Application of Castiglianos theorem:

Let us now consider the case where we apply the loads (PA + Δ PA), PB, PC, etc. gradually to the full value. As the ultimate loads in the case are exactly the similar as the earlier case and as all of the loads are applied statically, the ultimate deflections must also be the same. After that, the strain energy in the case, U′ (by neglecting product of small terms Δ PA Δ δA) would be as follows:

U ′ = (½) (P_A + Δ P_A ) (δ_A   + Δ δ_A) + (½) P_B(δ_B   + Δ δ_B) + (½) P_C (δ_C + Δ δ_C ) + ...

= (½) P_A  δ _A  + (½) P_A  Δ δ_A   + (½) Δ P_A  δ_A   + (½) P_B  δ_B   + (½) P _B Δ δ_B + (½) P_C δ _C+ (½) P_C Δ δ_C + ...
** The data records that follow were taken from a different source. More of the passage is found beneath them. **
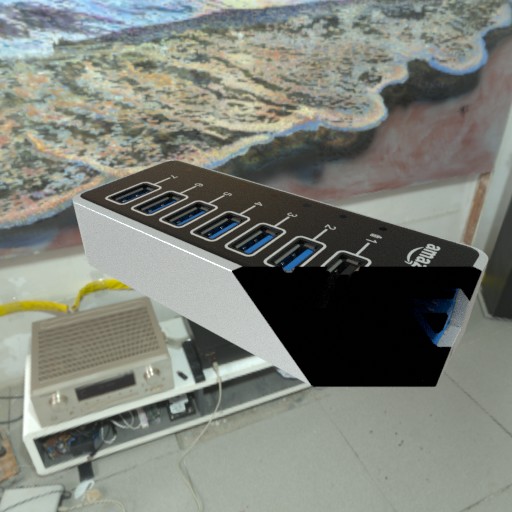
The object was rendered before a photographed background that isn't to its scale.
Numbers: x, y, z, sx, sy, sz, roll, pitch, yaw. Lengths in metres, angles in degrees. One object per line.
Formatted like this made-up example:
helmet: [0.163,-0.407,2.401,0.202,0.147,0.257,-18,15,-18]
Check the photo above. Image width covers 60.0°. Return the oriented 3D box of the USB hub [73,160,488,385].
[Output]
USB hub: [0.000,0.000,0.126,0.110,0.023,0.044,22,38,31]

= 1 P _Aδ_A   + 1 P_B δ_B   + 1 P_C δ_C + .. . + 1 P_A Δ δ_A   + 1 P_B  Δ δ_B + 1 P _CΔδ_C + .. . + 1 Δ P_A  δ_A

= U + 1 P_A Δδ_A  + 1 P_BΔ δ_B   + 1 P _CΔδ_C        + ... + 1 P_A  δ_A

Though, since loads in addition to deflections are the similar in both the cases, the total strain energy must also be the same. Hence,

U ′ = U + ΔU

or         ΔU = 1 P_A Δδ  _A+ 1 P_B Δδ_B  + 1 P_C Δδ_C          + .. . + 1 Δ P_A  δ_A

∴          2ΔU = P_A  Δδ _A  + P_B  Δδ_B + P_C  Δ δ_C  + ... + Δ P_A  δ _A

Earlier we have achieved

ΔU = P_A  Δ δ _A  + P_B  Δ δ_B  + P_C  Δ δ_C  + .. .
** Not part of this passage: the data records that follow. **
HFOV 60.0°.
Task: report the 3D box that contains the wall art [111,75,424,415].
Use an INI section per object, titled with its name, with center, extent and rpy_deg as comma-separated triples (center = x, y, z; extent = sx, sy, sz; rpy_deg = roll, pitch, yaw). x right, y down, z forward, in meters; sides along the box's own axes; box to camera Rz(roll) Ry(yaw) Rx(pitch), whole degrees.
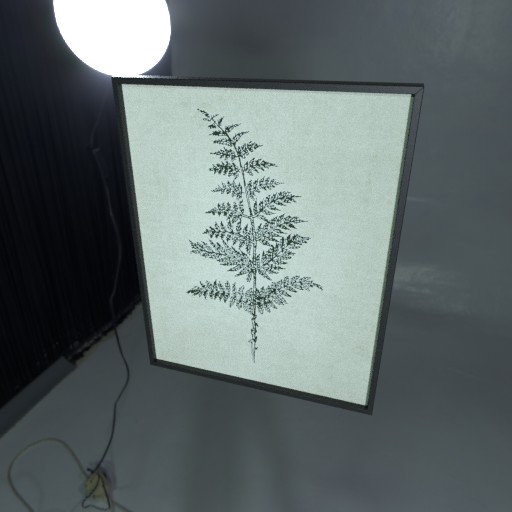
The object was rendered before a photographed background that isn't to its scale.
[wall art]
center = 0.000, 0.000, 0.749
extent = 0.449, 0.555, 0.039
rpy_deg = 8, 28, 16

Now, from the last two expressions, we get

ΔU = Δ P_A  δ_A  or ΔU / Δ P_A  = δ_A

In the limit, δ_A   = ∂U / ∂P_A

Likewise, it can be shown that ∂U /∂PB = δ_B , ∂U/ ∂PC = δ_C , etc.

Thus, in general, ∂U /∂PM = δ_M .

As a simple instance of the application of Castigliano's theorem, let us assume a bar of cross-sectional area A & length L under axial tension P. From previous section we have known that the strain energy U in this case is given as

U = P² L /2 AE

If we differentiate U with P, we get,

∂U /∂P = PL/ AE

That we identify as the extension of the bar under the load P that is the displacement of the point of application of load P.